• **YOUR INSTRUCTIONS**:
Find the string "must" in the material. Copy every line that has it.
══ EXERCISE DATA
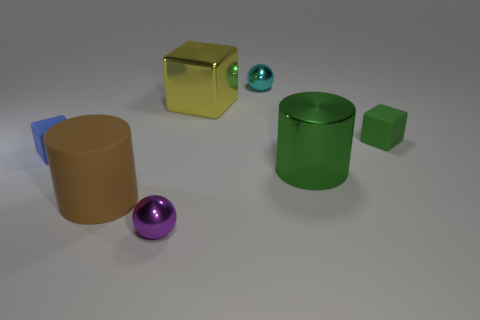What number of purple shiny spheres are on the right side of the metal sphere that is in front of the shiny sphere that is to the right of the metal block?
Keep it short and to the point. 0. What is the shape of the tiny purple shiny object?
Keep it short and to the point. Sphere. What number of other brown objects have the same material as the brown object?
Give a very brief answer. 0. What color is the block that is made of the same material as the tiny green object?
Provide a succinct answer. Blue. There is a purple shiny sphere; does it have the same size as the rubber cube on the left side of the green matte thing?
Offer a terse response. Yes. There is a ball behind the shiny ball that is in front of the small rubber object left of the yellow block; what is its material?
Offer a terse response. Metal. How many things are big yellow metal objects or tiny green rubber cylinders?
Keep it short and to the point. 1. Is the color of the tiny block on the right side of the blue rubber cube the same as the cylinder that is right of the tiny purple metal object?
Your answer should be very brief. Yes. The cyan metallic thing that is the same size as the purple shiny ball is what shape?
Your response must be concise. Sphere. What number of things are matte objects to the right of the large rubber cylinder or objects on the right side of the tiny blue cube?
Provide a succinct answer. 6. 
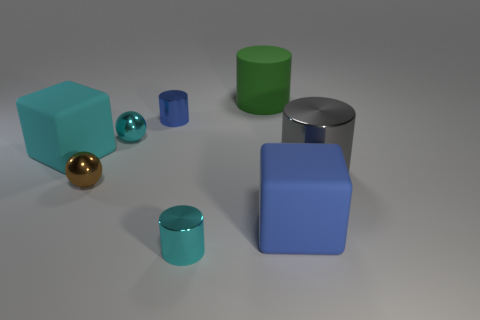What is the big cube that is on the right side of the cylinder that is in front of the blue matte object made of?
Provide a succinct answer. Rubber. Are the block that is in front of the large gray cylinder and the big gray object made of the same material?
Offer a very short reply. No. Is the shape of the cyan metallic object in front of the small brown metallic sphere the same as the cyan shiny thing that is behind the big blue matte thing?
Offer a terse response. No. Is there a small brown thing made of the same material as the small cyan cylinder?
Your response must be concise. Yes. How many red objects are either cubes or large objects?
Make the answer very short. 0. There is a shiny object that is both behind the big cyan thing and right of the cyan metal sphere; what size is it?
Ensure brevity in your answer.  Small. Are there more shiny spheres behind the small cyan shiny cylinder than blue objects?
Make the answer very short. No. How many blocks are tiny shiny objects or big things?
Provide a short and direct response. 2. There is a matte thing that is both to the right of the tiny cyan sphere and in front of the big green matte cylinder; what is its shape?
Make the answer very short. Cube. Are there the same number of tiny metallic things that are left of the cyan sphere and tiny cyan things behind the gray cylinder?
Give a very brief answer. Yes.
════
• **OUTPUT BELOW**:
Your response must be concise. Sphere. What number of things are matte objects to the right of the large rubber cylinder or objects on the right side of the tiny blue cube?
Your response must be concise. Yes. How many red objects are either cubes or large objects?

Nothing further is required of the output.